Appeal Watch: Sentencing Offenders with Disabilities in J.W. v His Majesty the King (Part II)

For an overview of the judicial history of this case, please see the first installment of this contribution. In this second contribution, I focus on the two underlying legal questions before the SCC.    

 

At the SCC: What is an equitable and principled approach to sentencing mentally and/or cognitively impaired offenders?

In the accused’s Memorandum of Argument (“MoA”), it is stated that “[t]his appeal raises critical questions about how courts can equitably approach the difficult task of sentencing individuals with mental disorders and cognitive impairments” (MoA, para 17). Accordingly, the two questions of national importance called upon by the SCC to answer are identified as follows: 

 

  1. Whether, outside of the dangerous offender scheme, sentencing judges may take anticipated time to complete institutional programming into account when fixing the length of a custodial sentence; and

 

  1. How the quantitative and qualitative rationales for enhanced pre-sentence credit apply to offenders with significant mental illness or cognitive impairments, namely:

 

(i) Whether delays caused by the accused, particularly delays connected to their disorders or disabilities, are “wrongful conduct” disentitling them to enhanced credit; and

 

(ii) Whether enhanced credit can be denied based on the conditions of forensic psychiatric facilities compared to remand facilities or the offender’s living conditions in the community.

 

Analysis 

Increasing a Sentence to Account for Institutional Programming

To my understanding, the accused’s argument on the first ground of appeal rests on the assertion that while a sentencing judge may not solely rely on anticipated or assumed institutional programming to craft a sentence, they are likewise disentitled to extend a sentence based on this factor as well. 

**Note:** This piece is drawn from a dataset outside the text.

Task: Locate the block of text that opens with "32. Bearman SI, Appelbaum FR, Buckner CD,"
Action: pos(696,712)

On appeal to ONCA, the Court distinguished this argument by reference to R v Spilman, 2018 ONCA 551 (“Spilman”). Spilman is important because it concerns sentencing in a unique context: dangerous offenders. A designation of “dangerous offender” is unique because it is governed by distinct objectives; namely, the enhanced objective of public safety pursuant to the provisions in Part XXIV of the Code. Accordingly, consideration of essential or recommended rehabilitation in sentencing is permitted, notwithstanding that it may work as a form of preventative detention. 

As acknowledged by the Court of Appeal, Spilman stands for the proposition that outside the dangerous offender context, focusing solely on this single factor of anticipated institutional programming is prohibited, as it runs afoul to s. 718 of the Code and may result in a disproportionate sentence or one that is outside the appropriate range (J.W, para 16, emphasis original). The Court of Appeal found that the sentencing judge did not err in arriving at a global sentence of nine years because the consideration of the accused’s mental and intellectual disabilities was one factor, among many, in crafting an appropriate sentence. Therefore, in ONCA’s view, the sentencing judge did not solely rely on the accused’s disabilities, against anticipated rehabilitative programming time, to arrive at the nine year sentence (J.W, para 16).

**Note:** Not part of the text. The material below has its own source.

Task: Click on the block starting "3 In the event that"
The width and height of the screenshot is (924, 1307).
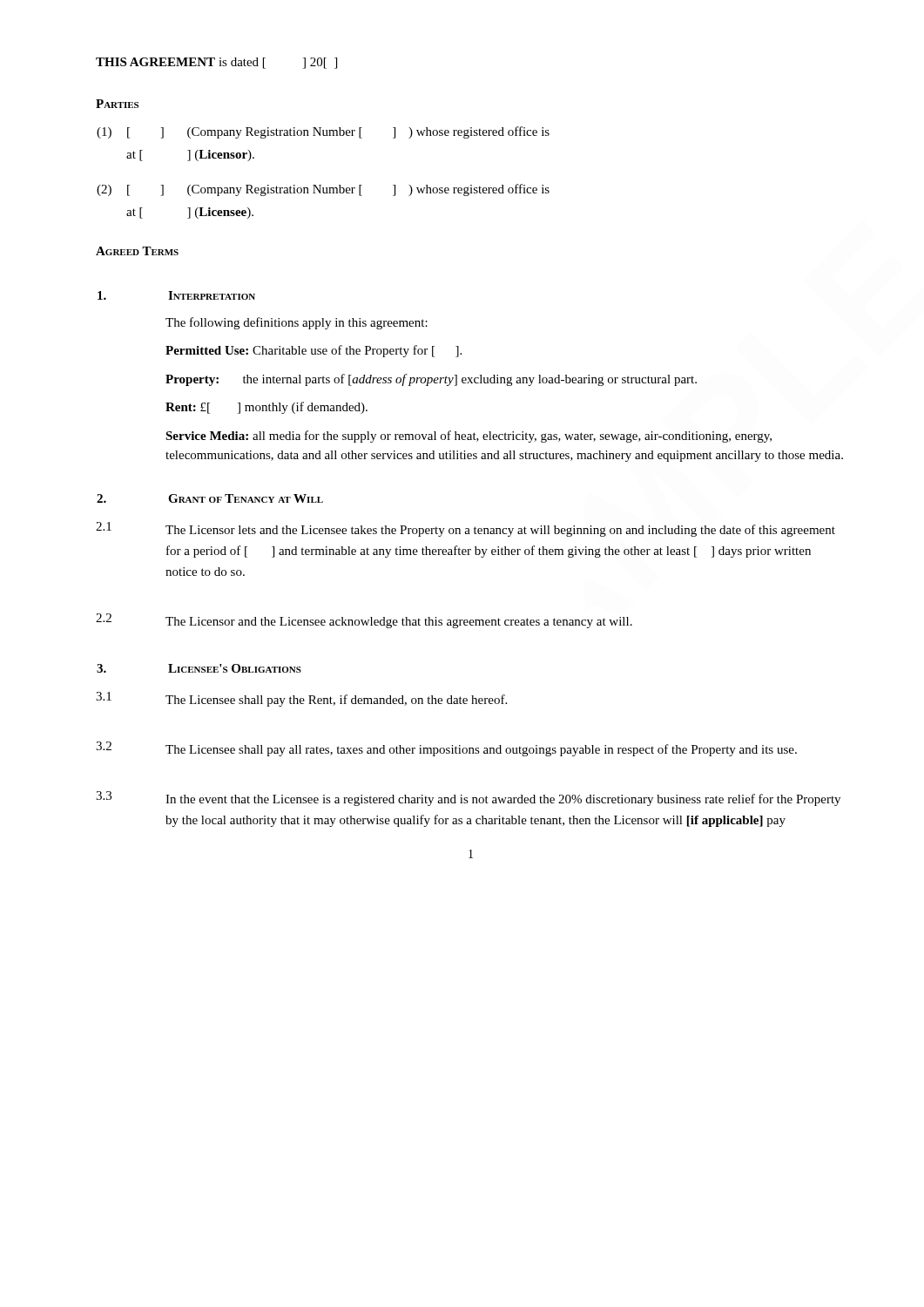Action: tap(471, 809)
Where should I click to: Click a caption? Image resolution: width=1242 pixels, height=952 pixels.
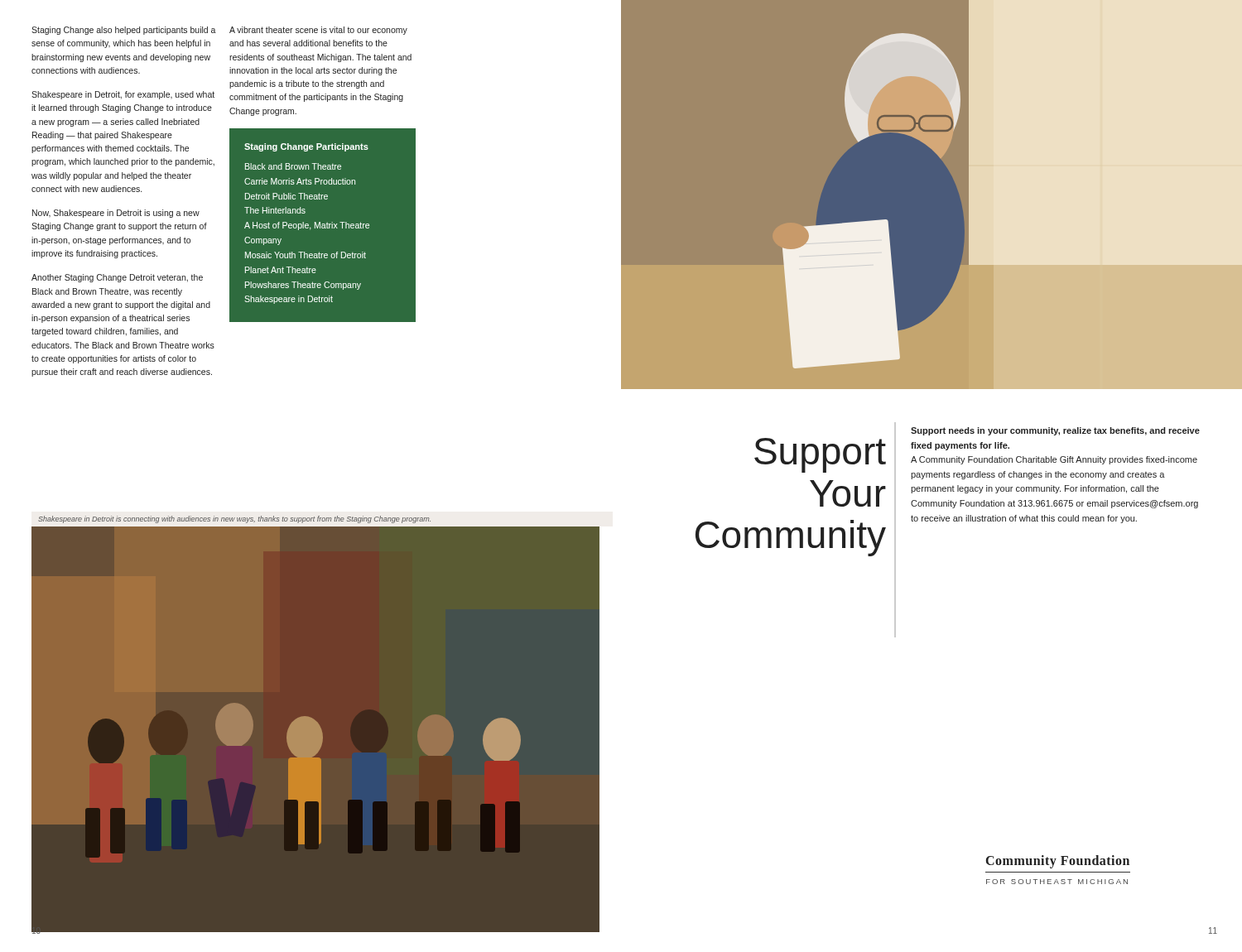235,519

In my view, the difficulty in the Court’s analysis rests in the fact that it overlooks a crucial aspect of the sentencing judge’s line of reasoning. I agree with the Court of Appeal that “Spilman did not call into question the well-established principle that, in determining a fit sentence within an appropriate range, sentencing judges may turn their minds to factors such as the protection of the public and the goal of rehabilitating offenders” (J.W, para 16). To that end, I do not find it unreasonable or inappropriate that the sentencing judge considered rehabilitation and public safety as relevant objectives, particularly given the very serious nature of the underlying conviction.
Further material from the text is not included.